BEGIN Dataset extract
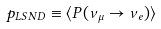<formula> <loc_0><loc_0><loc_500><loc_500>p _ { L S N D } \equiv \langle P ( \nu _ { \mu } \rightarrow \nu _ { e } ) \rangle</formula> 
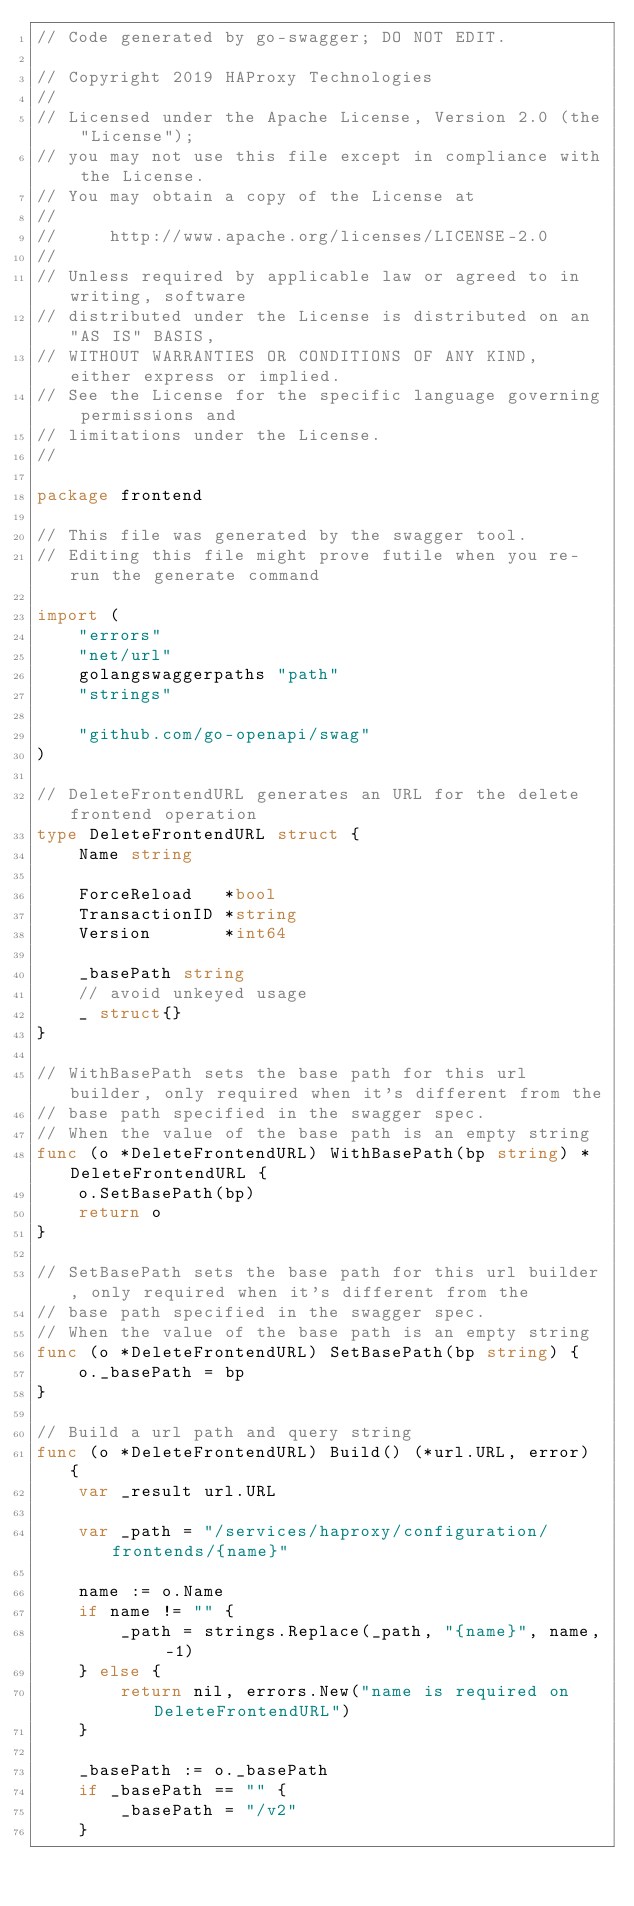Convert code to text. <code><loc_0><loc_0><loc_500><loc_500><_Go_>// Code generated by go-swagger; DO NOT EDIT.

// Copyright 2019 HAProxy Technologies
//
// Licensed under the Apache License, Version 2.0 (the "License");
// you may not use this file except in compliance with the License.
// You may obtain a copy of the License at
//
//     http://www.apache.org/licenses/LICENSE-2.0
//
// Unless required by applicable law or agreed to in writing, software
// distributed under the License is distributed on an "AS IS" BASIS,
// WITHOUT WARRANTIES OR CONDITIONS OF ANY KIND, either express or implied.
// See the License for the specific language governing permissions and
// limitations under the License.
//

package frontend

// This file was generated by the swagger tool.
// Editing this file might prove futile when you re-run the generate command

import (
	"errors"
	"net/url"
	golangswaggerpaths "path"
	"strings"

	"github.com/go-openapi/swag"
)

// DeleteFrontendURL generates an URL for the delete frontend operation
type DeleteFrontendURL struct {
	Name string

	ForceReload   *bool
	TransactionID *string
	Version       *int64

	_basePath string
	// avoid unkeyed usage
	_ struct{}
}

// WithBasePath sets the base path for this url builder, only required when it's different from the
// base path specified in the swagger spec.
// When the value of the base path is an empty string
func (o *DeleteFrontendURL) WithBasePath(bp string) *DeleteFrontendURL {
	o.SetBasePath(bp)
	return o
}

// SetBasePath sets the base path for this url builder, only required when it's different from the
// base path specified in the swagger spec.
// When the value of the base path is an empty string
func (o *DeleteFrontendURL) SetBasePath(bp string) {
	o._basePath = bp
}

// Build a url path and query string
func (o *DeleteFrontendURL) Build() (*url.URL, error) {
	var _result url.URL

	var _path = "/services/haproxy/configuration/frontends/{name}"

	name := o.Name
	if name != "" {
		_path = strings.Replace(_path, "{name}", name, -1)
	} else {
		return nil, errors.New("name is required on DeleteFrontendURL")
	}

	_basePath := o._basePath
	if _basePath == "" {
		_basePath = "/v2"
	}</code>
END Dataset extract
◆ Exercise
Output every entry verbatim. Pictures do not belong in the copy.

◆ Response to the task
<formula> <loc_0><loc_0><loc_500><loc_500>p _ { L S N D } \equiv \langle P ( \nu _ { \mu } \rightarrow \nu _ { e } ) \rangle</formula> 
Convert code to text. <code><loc_0><loc_0><loc_500><loc_500><_Go_>// Code generated by go-swagger; DO NOT EDIT.

// Copyright 2019 HAProxy Technologies
//
// Licensed under the Apache License, Version 2.0 (the "License");
// you may not use this file except in compliance with the License.
// You may obtain a copy of the License at
//
//     http://www.apache.org/licenses/LICENSE-2.0
//
// Unless required by applicable law or agreed to in writing, software
// distributed under the License is distributed on an "AS IS" BASIS,
// WITHOUT WARRANTIES OR CONDITIONS OF ANY KIND, either express or implied.
// See the License for the specific language governing permissions and
// limitations under the License.
//

package frontend

// This file was generated by the swagger tool.
// Editing this file might prove futile when you re-run the generate command

import (
	"errors"
	"net/url"
	golangswaggerpaths "path"
	"strings"

	"github.com/go-openapi/swag"
)

// DeleteFrontendURL generates an URL for the delete frontend operation
type DeleteFrontendURL struct {
	Name string

	ForceReload   *bool
	TransactionID *string
	Version       *int64

	_basePath string
	// avoid unkeyed usage
	_ struct{}
}

// WithBasePath sets the base path for this url builder, only required when it's different from the
// base path specified in the swagger spec.
// When the value of the base path is an empty string
func (o *DeleteFrontendURL) WithBasePath(bp string) *DeleteFrontendURL {
	o.SetBasePath(bp)
	return o
}

// SetBasePath sets the base path for this url builder, only required when it's different from the
// base path specified in the swagger spec.
// When the value of the base path is an empty string
func (o *DeleteFrontendURL) SetBasePath(bp string) {
	o._basePath = bp
}

// Build a url path and query string
func (o *DeleteFrontendURL) Build() (*url.URL, error) {
	var _result url.URL

	var _path = "/services/haproxy/configuration/frontends/{name}"

	name := o.Name
	if name != "" {
		_path = strings.Replace(_path, "{name}", name, -1)
	} else {
		return nil, errors.New("name is required on DeleteFrontendURL")
	}

	_basePath := o._basePath
	if _basePath == "" {
		_basePath = "/v2"
	}</code>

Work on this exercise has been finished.